Work request. Please copy each line of the listing below in which the word "vergunning" appears.

====

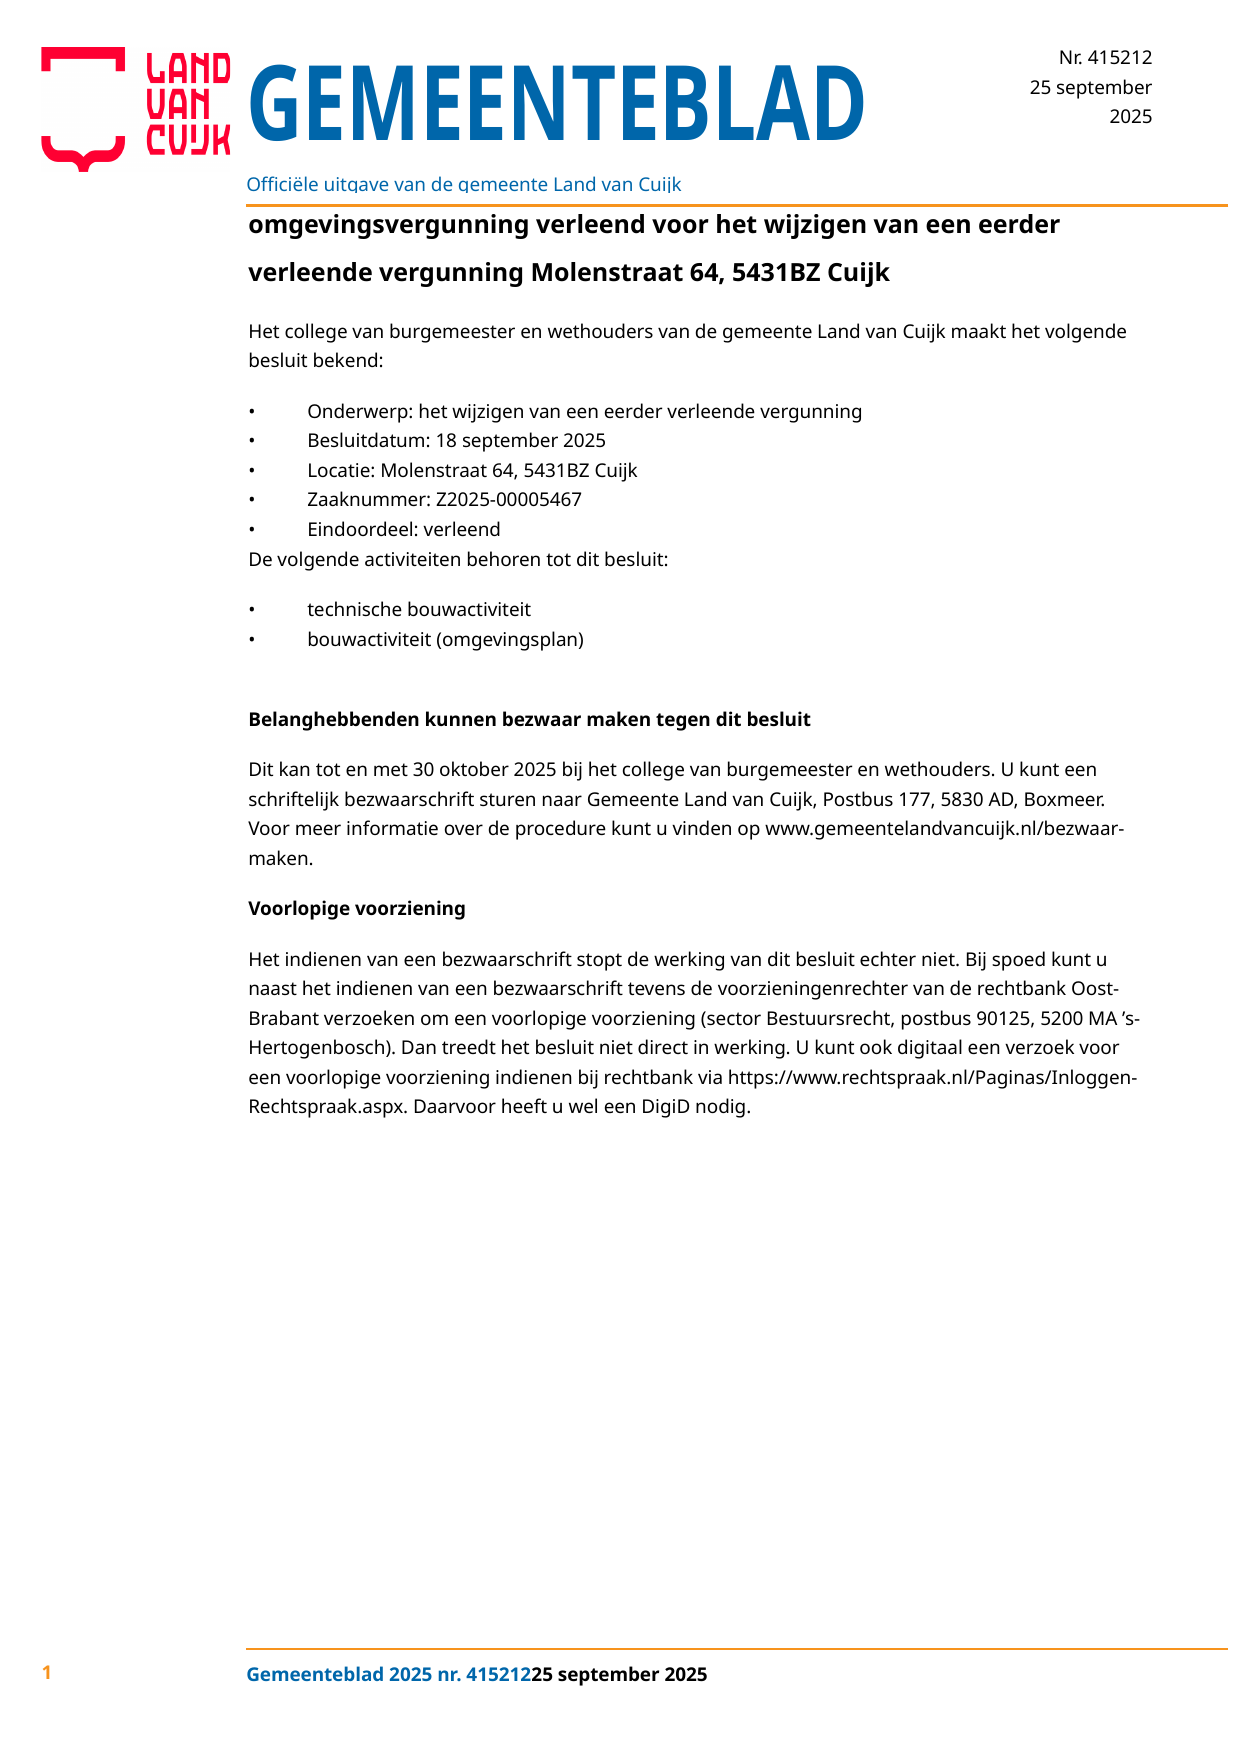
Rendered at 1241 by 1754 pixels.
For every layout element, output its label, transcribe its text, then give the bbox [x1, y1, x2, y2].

list Zaaknummer: Z2025-00005467 [248, 487, 1152, 512]
list Eindoordeel: verleend [248, 516, 1152, 542]
text Voorlopige voorziening [248, 895, 1152, 921]
picture [41, 47, 231, 172]
list Locatie: Molenstraat 64, 5431BZ Cuijk [248, 457, 1152, 483]
list bouwactiviteit (omgevingsplan) [248, 626, 1152, 652]
text De volgende activiteiten behoren tot dit besluit: [248, 546, 1152, 572]
list Besluitdatum: 18 september 2025 [248, 427, 1152, 453]
text Het indienen van een bezwaarschrift stopt de werking van dit besluit echter niet. Bij spoed kunt u naast het indienen van een bezwaarschrift tevens de voorzieningenrechter van de rechtbank Oost-Brabant verzoeken om een voorlopige voorziening (sector Bestuursrecht, postbus 90125, 5200 MA ’s-Hertogenbosch). Dan treedt het besluit niet direct in werking. U kunt ook digitaal een verzoek voor een voorlopige voorziening indienen bij rechtbank via https://www.rechtspraak.nl/Paginas/Inloggen-Rechtspraak.aspx. Daarvoor heeft u wel een DigiD nodig. [248, 946, 1152, 1119]
text omgevingsvergunning verleend voor het wijzigen van een eerder verleende vergunning Molenstraat 64, 5431BZ Cuijk [248, 207, 1152, 288]
list technische bouwactiviteit [248, 596, 1152, 622]
text Belanghebbenden kunnen bezwaar maken tegen dit besluit [248, 706, 1152, 732]
list Onderwerp: het wijzigen van een eerder verleende vergunning [248, 398, 1152, 424]
text Dit kan tot en met 30 oktober 2025 bij het college van burgemeester en wethouders. U kunt een schriftelijk bezwaarschrift sturen naar Gemeente Land van Cuijk, Postbus 177, 5830 AD, Boxmeer. Voor meer informatie over de procedure kunt u vinden op www.gemeentelandvancuijk.nl/bezwaar-maken. [248, 756, 1152, 871]
text Het college van burgemeester en wethouders van de gemeente Land van Cuijk maakt het volgende besluit bekend: [248, 318, 1152, 373]
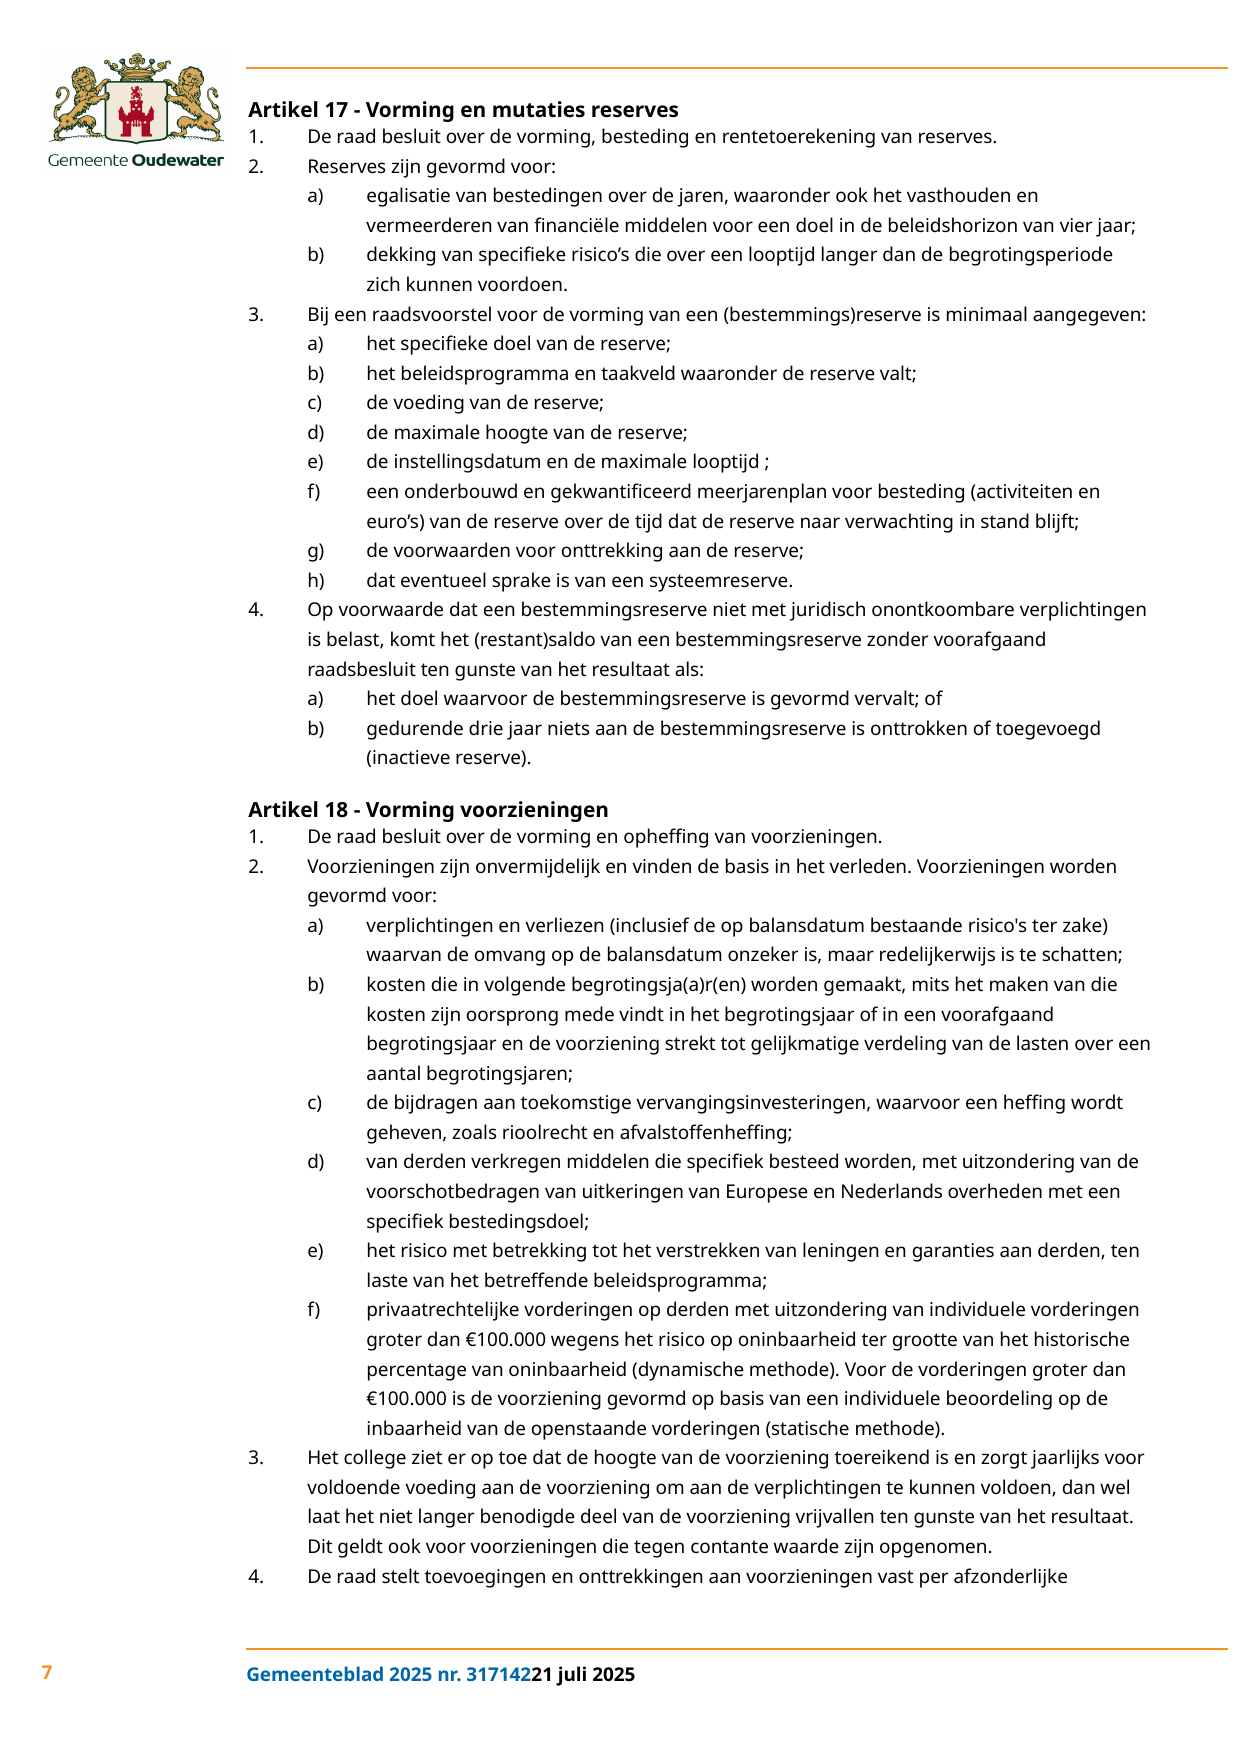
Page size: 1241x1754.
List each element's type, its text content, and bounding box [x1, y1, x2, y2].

list kosten die in volgende begrotingsja(a)r(en) worden gemaakt, mits het maken van die kosten zijn oorsprong mede vindt in het begrotingsjaar of in een voorafgaand begrotingsjaar en de voorziening strekt tot gelijkmatige verdeling van de lasten over een aantal begrotingsjaren; [307, 971, 1152, 1086]
list De raad besluit over de vorming en opheffing van voorzieningen. [248, 823, 1152, 849]
list Reserves zijn gevormd voor: [248, 153, 1152, 178]
list de voeding van de reserve; [307, 389, 1152, 415]
list Bij een raadsvoorstel voor de vorming van een (bestemmings)reserve is minimaal aangegeven: [248, 301, 1152, 326]
list dekking van specifieke risico’s die over een looptijd langer dan de begrotingsperiode zich kunnen voordoen. [307, 242, 1152, 297]
text Artikel 17 - Vorming en mutaties reserves [248, 95, 1152, 123]
text Artikel 18 - Vorming voorzieningen [248, 795, 1152, 823]
list Het college ziet er op toe dat de hoogte van de voorziening toereikend is en zorgt jaarlijks voor voldoende voeding aan de voorziening om aan de verplichtingen te kunnen voldoen, dan wel laat het niet langer benodigde deel van de voorziening vrijvallen ten gunste van het resultaat. Dit geldt ook voor voorzieningen die tegen contante waarde zijn opgenomen. [248, 1444, 1152, 1559]
list verplichtingen en verliezen (inclusief de op balansdatum bestaande risico's ter zake) waarvan de omvang op de balansdatum onzeker is, maar redelijkerwijs is te schatten; [307, 912, 1152, 967]
list egalisatie van bestedingen over de jaren, waaronder ook het vasthouden en vermeerderen van financiële middelen voor een doel in de beleidshorizon van vier jaar; [307, 182, 1152, 238]
picture [41, 47, 231, 172]
list het beleidsprogramma en taakveld waaronder de reserve valt; [307, 360, 1152, 386]
list De raad besluit over de vorming, besteding en rentetoerekening van reserves. [248, 123, 1152, 149]
list privaatrechtelijke vorderingen op derden met uitzondering van individuele vorderingen groter dan €100.000 wegens het risico op oninbaarheid ter grootte van het historische percentage van oninbaarheid (dynamische methode). Voor de vorderingen groter dan €100.000 is de voorziening gevormd op basis van een individuele beoordeling op de inbaarheid van de openstaande vorderingen (statische methode). [307, 1297, 1152, 1441]
list het risico met betrekking tot het verstrekken van leningen en garanties aan derden, ten laste van het betreffende beleidsprogramma; [307, 1237, 1152, 1293]
list gedurende drie jaar niets aan de bestemmingsreserve is onttrokken of toegevoegd (inactieve reserve). [307, 715, 1152, 770]
list het specifieke doel van de reserve; [307, 330, 1152, 356]
list een onderbouwd en gekwantificeerd meerjarenplan voor besteding (activiteiten en euro’s) van de reserve over de tijd dat de reserve naar verwachting in stand blijft; [307, 478, 1152, 533]
list De raad stelt toevoegingen en onttrekkingen aan voorzieningen vast per afzonderlijke [248, 1563, 1152, 1589]
list het doel waarvoor de bestemmingsreserve is gevormd vervalt; of [307, 685, 1152, 711]
list de voorwaarden voor onttrekking aan de reserve; [307, 537, 1152, 563]
list de bijdragen aan toekomstige vervangingsinvesteringen, waarvoor een heffing wordt geheven, zoals rioolrecht en afvalstoffenheffing; [307, 1089, 1152, 1145]
list de maximale hoogte van de reserve; [307, 419, 1152, 445]
list van derden verkregen middelen die specifiek besteed worden, met uitzondering van de voorschotbedragen van uitkeringen van Europese en Nederlands overheden met een specifiek bestedingsdoel; [307, 1149, 1152, 1234]
list Op voorwaarde dat een bestemmingsreserve niet met juridisch onontkoombare verplichtingen is belast, komt het (restant)saldo van een bestemmingsreserve zonder voorafgaand raadsbesluit ten gunste van het resultaat als: [248, 597, 1152, 681]
list dat eventueel sprake is van een systeemreserve. [307, 567, 1152, 593]
list Voorzieningen zijn onvermijdelijk en vinden de basis in het verleden. Voorzieningen worden gevormd voor: [248, 853, 1152, 908]
list de instellingsdatum en de maximale looptijd ; [307, 449, 1152, 474]

====

Reply.
text omgevingsvergunning verleend voor het wijzigen van een eerder verleende vergunning Molenstraat 64, 5431BZ Cuijk [248, 207, 1152, 288]
list Onderwerp: het wijzigen van een eerder verleende vergunning [248, 398, 1152, 424]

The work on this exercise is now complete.